TBILISI 00002176  003 OF 003 
 
 
near Eritskali; shortly after it crossed the boundary, 
Russian and Abkhaz forces forced the monitors to depart 
Abkhazia at gun point.  Abkhaz de facto officials told EUMM 
Head of Mission Haber in Geneva on November 18 that they 
would not allow EU monitors into Abkhazia.  UNOMIG continues 
to have freedom of movement for the most part, but it has 
encountered resistance as well.  Both Russian and Abkhaz 
forces confronted a UNOMIG patrol in a "particularly hostile 
manner" throughout their patrol through the Gali sector on 
November 19.  An Abkhaz drew his weapon at a UNOMIG patrol on 
November 15 near Saberio, about which UNOMIG complained to a 
regional commander; the next day the personnel at that same 
checkpoint were "unusually polite." 
 
An Attack Taxonomy 
 
12. (SBU) The deputy head of the EUMM offered at the November 
20 briefing his analysis of recent incidents.  He saw three 
types of events occurring.  First, attacks designed to 
destroy property and complicate the life of residents; the 
explosion of the transformer in Muzhava is an example. 

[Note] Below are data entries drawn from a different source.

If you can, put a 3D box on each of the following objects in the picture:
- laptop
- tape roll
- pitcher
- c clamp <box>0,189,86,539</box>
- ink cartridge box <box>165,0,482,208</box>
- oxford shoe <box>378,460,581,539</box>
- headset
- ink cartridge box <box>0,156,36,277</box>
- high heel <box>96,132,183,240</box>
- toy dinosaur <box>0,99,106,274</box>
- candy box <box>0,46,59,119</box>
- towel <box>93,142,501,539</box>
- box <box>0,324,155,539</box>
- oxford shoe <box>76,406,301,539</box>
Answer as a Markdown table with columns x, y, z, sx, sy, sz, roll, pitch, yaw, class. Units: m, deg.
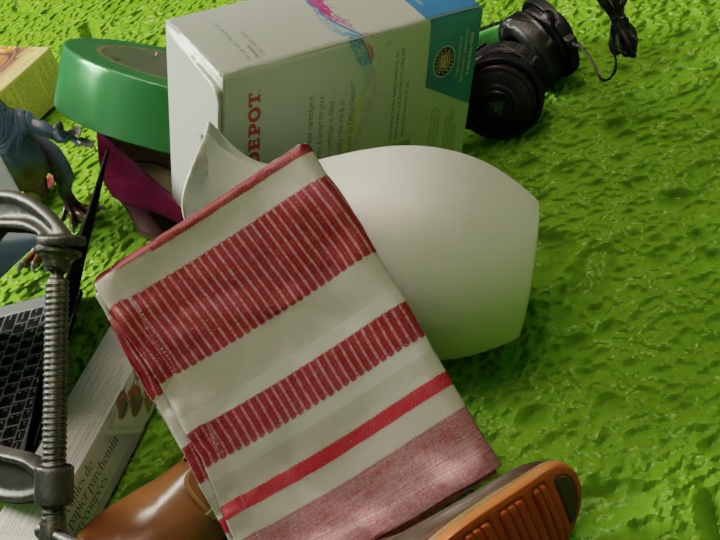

Second, inadvertent escalation of confrontations between 
forces on the two sides, such as the exchanges of fires near 
Kalagali.  (Note: Post is not convinced that the Abkhaz 
presence near Kalagali was either inadvertent or benign and 
would suggest the incident near Mereti is a better example of 
this category.  End note.)  Third, intentional, malicious 
attacks designed to kill or maim, such as the booby-trapped 
flag or the UAVs; he saw these types of events as the most 
pernicious. 
 
Comment: A Deliberate Increase in Tension 
 
13. (C) All international observers agree that the last two 
weeks have seen an increase in the frequency and severity of 
incidents along the boundary line.  The EUMM's three 
categories probably reflect different motivations for 
violence, but it is noteworthy that incidents in all three 
categories seem to be on the rise.  Even though some of the 
incidents can be attributed to the inherent danger of having 
armed enemies in close proximity to each other, it
seems 
clear that there are parties inside Abkhazia and South 
Ossetia trying to increase tensions and stir up trouble.